Provided data Block Start

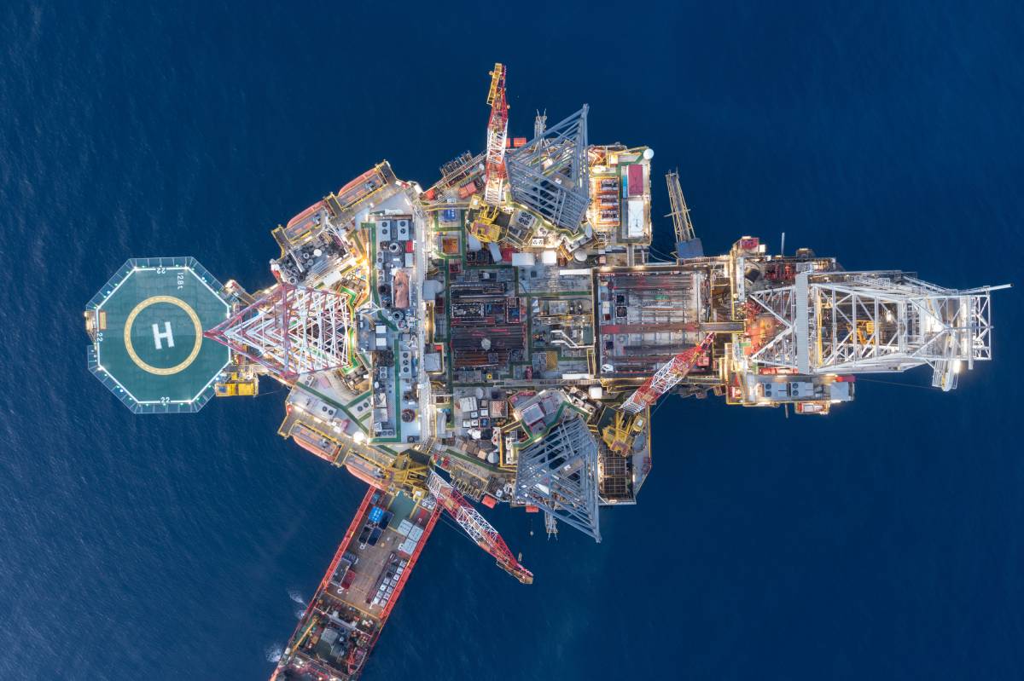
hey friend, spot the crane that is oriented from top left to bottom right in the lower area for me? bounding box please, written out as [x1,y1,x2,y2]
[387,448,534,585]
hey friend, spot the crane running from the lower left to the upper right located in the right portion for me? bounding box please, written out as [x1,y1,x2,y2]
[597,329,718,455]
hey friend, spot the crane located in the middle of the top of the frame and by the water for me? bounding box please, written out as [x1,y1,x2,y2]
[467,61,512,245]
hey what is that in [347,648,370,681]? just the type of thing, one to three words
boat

Provided data Block End
Provided data Block Start

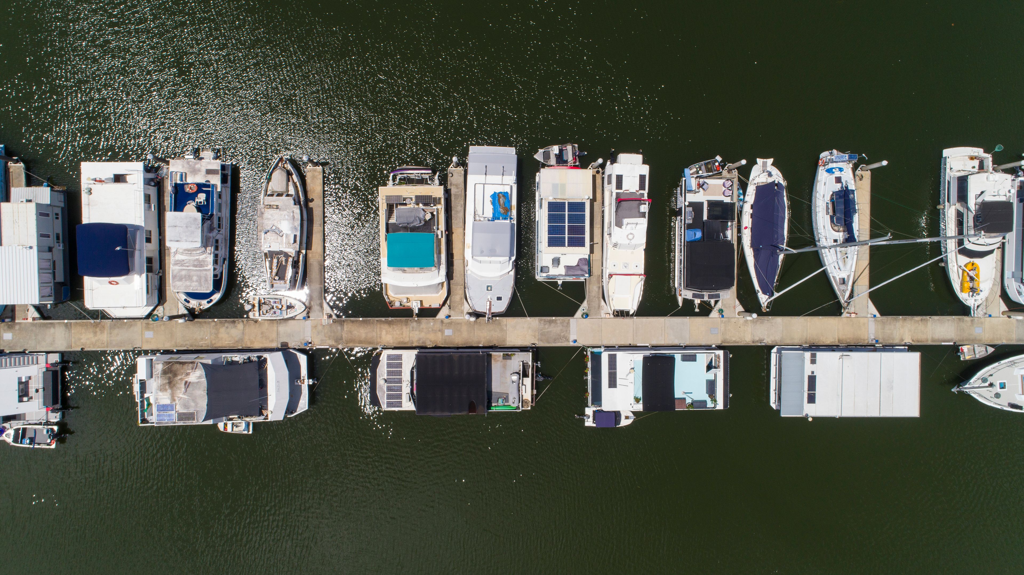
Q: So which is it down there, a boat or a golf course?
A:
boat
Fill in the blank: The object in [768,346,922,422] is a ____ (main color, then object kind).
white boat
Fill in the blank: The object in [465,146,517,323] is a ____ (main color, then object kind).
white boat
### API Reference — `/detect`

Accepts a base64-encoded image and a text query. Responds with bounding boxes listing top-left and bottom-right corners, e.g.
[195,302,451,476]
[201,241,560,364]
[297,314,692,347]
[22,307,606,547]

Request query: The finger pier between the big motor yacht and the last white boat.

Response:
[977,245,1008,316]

Provided data Block End
Provided data Block Start

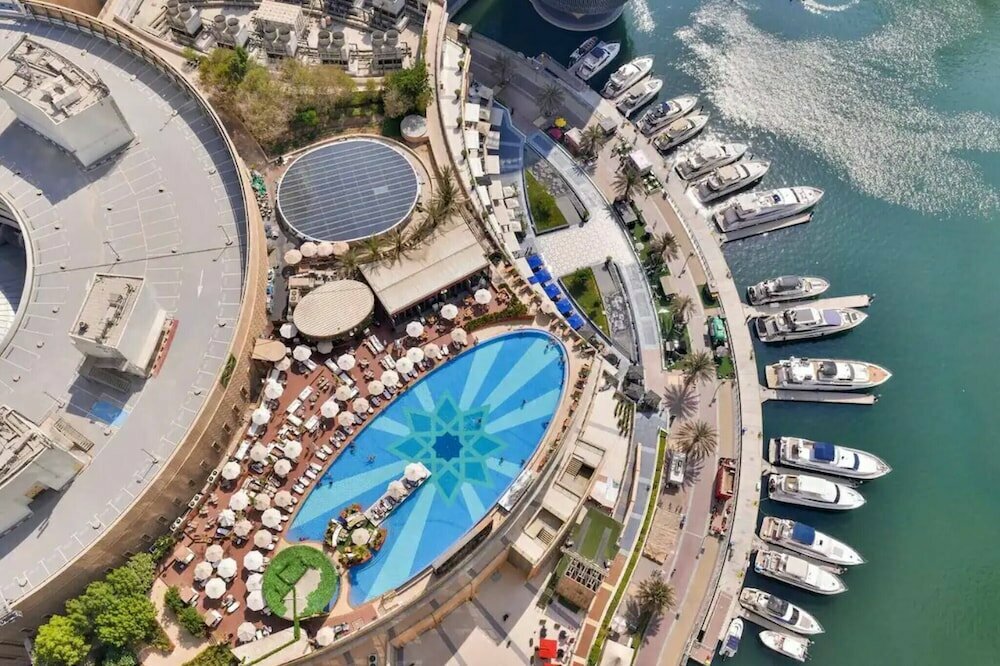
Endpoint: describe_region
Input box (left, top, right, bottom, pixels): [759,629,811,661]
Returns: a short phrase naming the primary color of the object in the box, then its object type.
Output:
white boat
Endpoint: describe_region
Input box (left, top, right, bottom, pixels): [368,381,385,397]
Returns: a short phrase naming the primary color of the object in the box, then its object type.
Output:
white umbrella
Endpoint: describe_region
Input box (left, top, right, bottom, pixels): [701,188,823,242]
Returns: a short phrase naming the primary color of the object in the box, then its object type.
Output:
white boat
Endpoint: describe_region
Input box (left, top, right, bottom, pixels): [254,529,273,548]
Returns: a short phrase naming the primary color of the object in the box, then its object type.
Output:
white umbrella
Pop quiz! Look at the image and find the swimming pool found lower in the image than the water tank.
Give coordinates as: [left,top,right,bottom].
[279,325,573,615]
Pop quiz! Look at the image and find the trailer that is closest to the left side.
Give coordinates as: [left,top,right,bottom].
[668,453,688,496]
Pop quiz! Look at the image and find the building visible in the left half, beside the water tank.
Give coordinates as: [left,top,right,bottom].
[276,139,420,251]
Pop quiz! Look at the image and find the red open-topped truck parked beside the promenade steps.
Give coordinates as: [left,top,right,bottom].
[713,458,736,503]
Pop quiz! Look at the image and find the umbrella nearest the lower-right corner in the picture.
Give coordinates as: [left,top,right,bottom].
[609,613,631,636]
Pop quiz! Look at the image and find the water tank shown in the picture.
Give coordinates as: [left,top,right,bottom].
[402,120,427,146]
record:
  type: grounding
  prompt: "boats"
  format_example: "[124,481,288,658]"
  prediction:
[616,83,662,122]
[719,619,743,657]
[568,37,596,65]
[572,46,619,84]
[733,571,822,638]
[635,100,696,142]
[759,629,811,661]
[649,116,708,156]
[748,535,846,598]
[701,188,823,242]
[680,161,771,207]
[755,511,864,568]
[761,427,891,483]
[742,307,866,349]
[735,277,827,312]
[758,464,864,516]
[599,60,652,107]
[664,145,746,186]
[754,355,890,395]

Provided data Block End

Brief: Reproduce exactly the section above that begins at the line containing "Input box (left, top, right, bottom, pixels): [368,381,385,397]" and ends at the line containing "Pop quiz! Look at the image and find the trailer", leaving out all other lines.

Exercise response:
Input box (left, top, right, bottom, pixels): [368,381,385,397]
Returns: a short phrase naming the primary color of the object in the box, then its object type.
Output:
white umbrella
Endpoint: describe_region
Input box (left, top, right, bottom, pixels): [701,188,823,242]
Returns: a short phrase naming the primary color of the object in the box, then its object type.
Output:
white boat
Endpoint: describe_region
Input box (left, top, right, bottom, pixels): [254,529,273,548]
Returns: a short phrase naming the primary color of the object in the box, then its object type.
Output:
white umbrella
Pop quiz! Look at the image and find the swimming pool found lower in the image than the water tank.
Give coordinates as: [left,top,right,bottom].
[279,325,573,615]
Pop quiz! Look at the image and find the trailer that is closest to the left side.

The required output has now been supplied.